> [Exercise details]: Which lines of the entries contain the string "isolated"? Please find them and copy them.

> [Record set]:

◆ ◆ ◆ ◆ ◆

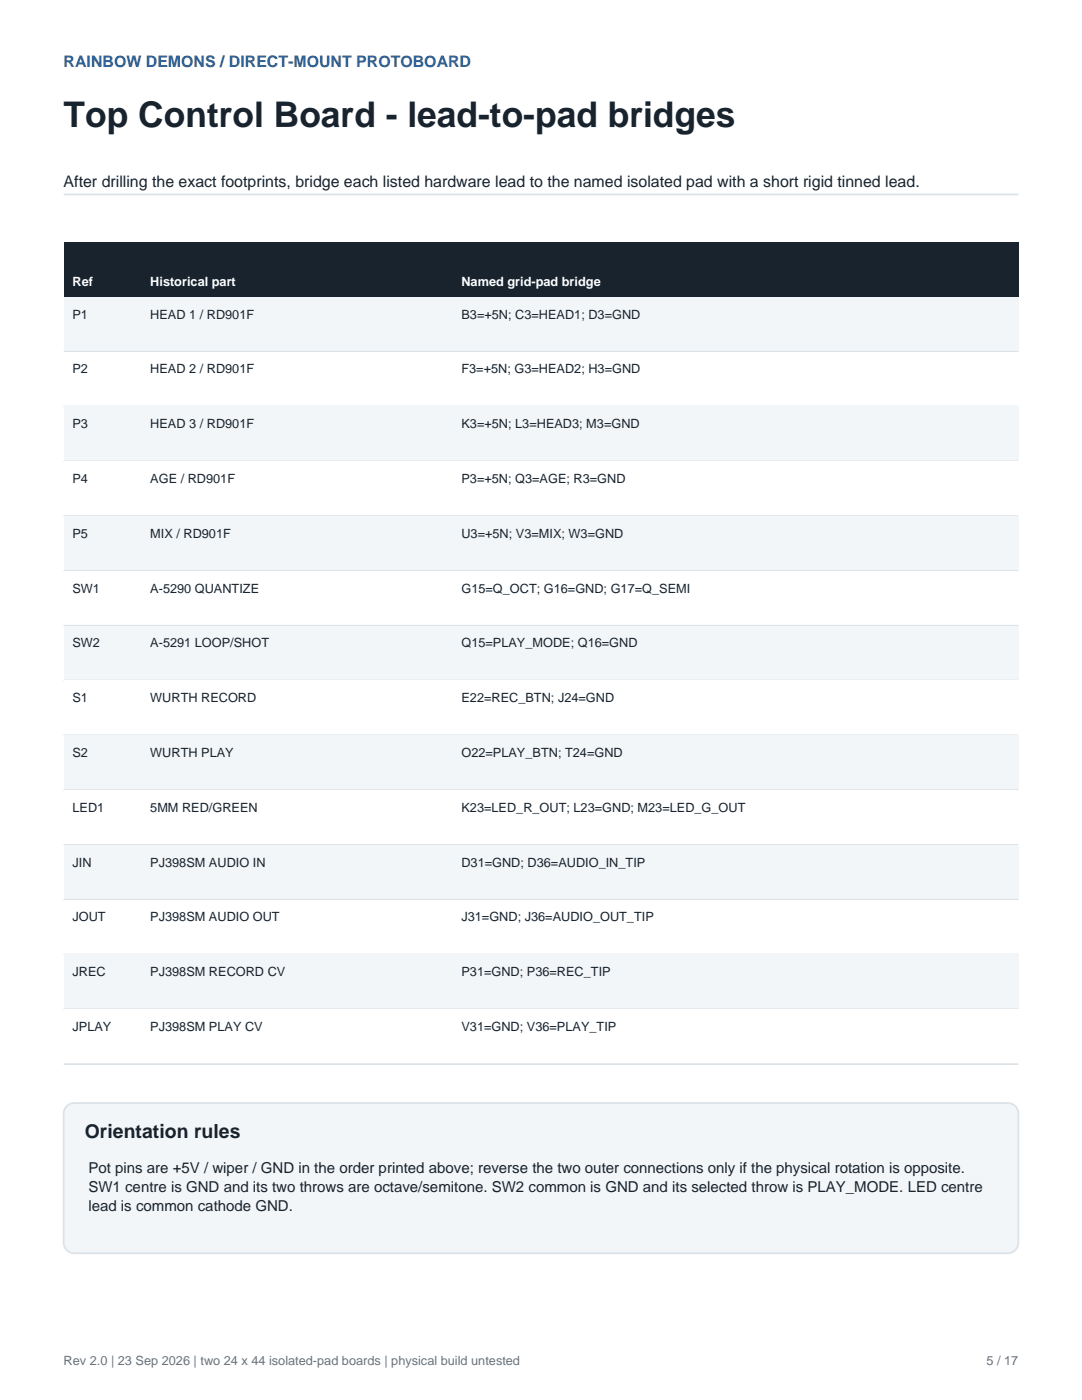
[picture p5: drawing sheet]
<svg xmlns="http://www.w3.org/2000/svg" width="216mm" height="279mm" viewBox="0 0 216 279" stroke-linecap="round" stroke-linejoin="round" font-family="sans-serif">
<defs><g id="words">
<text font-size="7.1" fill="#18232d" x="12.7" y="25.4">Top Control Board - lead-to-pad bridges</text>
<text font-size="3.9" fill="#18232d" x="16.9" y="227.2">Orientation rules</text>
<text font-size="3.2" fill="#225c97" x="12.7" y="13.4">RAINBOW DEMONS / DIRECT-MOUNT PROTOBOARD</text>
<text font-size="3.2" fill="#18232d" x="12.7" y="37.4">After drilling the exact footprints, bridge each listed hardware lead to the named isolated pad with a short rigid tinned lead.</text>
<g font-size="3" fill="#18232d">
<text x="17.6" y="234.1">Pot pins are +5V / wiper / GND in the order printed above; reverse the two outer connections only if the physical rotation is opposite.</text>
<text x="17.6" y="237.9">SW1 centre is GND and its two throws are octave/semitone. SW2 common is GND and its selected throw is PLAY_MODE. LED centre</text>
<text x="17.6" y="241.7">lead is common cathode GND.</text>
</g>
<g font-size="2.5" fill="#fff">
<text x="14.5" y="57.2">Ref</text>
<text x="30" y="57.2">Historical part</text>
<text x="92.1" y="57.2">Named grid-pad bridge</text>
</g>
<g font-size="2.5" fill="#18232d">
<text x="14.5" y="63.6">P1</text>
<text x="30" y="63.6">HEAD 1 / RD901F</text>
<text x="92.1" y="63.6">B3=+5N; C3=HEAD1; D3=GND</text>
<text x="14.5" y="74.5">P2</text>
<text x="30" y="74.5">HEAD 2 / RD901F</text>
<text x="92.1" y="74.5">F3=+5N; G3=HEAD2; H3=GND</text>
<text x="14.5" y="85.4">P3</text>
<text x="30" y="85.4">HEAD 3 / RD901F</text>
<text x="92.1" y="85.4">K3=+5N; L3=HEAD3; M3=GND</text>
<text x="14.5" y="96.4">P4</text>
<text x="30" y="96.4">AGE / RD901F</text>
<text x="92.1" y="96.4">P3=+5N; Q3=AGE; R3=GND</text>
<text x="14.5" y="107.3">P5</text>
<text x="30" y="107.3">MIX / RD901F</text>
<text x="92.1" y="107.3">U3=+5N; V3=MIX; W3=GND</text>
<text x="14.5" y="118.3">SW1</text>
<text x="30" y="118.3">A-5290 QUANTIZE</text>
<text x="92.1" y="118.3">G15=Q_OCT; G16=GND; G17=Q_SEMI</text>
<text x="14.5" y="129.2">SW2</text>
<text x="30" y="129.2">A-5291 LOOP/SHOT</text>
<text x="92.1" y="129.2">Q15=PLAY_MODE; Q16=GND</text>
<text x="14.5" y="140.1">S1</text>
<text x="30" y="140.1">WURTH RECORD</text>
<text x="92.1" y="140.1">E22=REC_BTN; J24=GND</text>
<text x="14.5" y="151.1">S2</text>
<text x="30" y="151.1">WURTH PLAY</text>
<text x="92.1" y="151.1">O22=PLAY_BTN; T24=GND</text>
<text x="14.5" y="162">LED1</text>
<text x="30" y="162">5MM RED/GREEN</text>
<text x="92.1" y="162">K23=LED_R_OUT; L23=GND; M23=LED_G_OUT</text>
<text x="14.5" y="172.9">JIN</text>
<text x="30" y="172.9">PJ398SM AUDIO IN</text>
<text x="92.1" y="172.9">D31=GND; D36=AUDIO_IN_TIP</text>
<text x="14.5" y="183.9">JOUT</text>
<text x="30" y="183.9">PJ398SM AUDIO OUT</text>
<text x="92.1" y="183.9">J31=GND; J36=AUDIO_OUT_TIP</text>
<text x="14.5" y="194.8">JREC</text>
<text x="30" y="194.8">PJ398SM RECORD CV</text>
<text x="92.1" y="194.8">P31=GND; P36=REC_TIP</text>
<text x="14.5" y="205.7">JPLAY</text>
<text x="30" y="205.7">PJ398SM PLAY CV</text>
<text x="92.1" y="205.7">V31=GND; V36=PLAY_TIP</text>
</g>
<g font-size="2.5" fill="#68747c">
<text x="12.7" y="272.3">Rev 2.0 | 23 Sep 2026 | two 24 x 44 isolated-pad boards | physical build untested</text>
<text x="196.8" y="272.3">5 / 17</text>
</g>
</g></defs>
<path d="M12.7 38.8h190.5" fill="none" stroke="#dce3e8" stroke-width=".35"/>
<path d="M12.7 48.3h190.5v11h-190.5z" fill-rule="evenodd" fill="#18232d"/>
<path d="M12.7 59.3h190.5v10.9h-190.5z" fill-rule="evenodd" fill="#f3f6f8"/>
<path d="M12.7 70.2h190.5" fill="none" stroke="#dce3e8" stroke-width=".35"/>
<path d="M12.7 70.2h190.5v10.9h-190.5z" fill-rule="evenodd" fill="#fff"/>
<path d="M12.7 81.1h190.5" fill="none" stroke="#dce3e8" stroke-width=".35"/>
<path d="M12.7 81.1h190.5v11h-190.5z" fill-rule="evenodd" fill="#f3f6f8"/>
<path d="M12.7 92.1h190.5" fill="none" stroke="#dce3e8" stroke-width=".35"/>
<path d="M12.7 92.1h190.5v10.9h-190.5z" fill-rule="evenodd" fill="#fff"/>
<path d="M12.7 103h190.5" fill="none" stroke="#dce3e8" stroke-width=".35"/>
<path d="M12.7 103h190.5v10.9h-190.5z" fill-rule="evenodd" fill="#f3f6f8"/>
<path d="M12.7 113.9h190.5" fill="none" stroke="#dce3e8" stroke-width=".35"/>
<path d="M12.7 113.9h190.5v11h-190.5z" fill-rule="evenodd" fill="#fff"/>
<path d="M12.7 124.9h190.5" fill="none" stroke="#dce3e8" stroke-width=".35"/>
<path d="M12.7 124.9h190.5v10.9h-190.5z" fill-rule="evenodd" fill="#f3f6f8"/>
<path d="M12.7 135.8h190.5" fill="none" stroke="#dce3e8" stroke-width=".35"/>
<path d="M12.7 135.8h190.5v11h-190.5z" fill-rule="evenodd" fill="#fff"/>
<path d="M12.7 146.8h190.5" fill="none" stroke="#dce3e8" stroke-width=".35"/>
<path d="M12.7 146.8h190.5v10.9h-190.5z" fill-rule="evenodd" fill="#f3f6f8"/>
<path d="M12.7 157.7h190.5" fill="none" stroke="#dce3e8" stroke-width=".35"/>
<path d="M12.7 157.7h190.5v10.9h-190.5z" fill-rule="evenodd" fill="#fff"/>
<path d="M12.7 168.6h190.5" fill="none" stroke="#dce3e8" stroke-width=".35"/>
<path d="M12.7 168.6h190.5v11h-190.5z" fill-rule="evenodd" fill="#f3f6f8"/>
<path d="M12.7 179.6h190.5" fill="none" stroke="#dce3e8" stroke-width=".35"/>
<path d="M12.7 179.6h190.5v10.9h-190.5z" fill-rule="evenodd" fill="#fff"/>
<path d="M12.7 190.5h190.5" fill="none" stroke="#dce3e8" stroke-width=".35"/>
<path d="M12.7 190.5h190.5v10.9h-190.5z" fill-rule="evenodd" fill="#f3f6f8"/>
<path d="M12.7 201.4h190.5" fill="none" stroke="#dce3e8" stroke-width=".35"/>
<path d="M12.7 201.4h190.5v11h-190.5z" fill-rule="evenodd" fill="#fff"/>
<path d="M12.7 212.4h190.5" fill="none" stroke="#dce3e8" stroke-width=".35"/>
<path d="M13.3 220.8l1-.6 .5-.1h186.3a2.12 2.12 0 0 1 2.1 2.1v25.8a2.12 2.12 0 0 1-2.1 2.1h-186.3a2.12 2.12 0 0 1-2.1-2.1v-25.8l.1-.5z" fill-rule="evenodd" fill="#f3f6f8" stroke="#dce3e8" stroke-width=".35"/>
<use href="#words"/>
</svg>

◆ ◆ ◆ ◆ ◆

> [Exercise solution]:
<text font-size="3.2" fill="#18232d" x="12.7" y="37.4">After drilling the exact footprints, bridge each listed hardware lead to the named isolated pad with a short rigid tinned lead.</text>
<text x="12.7" y="272.3">Rev 2.0 | 23 Sep 2026 | two 24 x 44 isolated-pad boards | physical build untested</text>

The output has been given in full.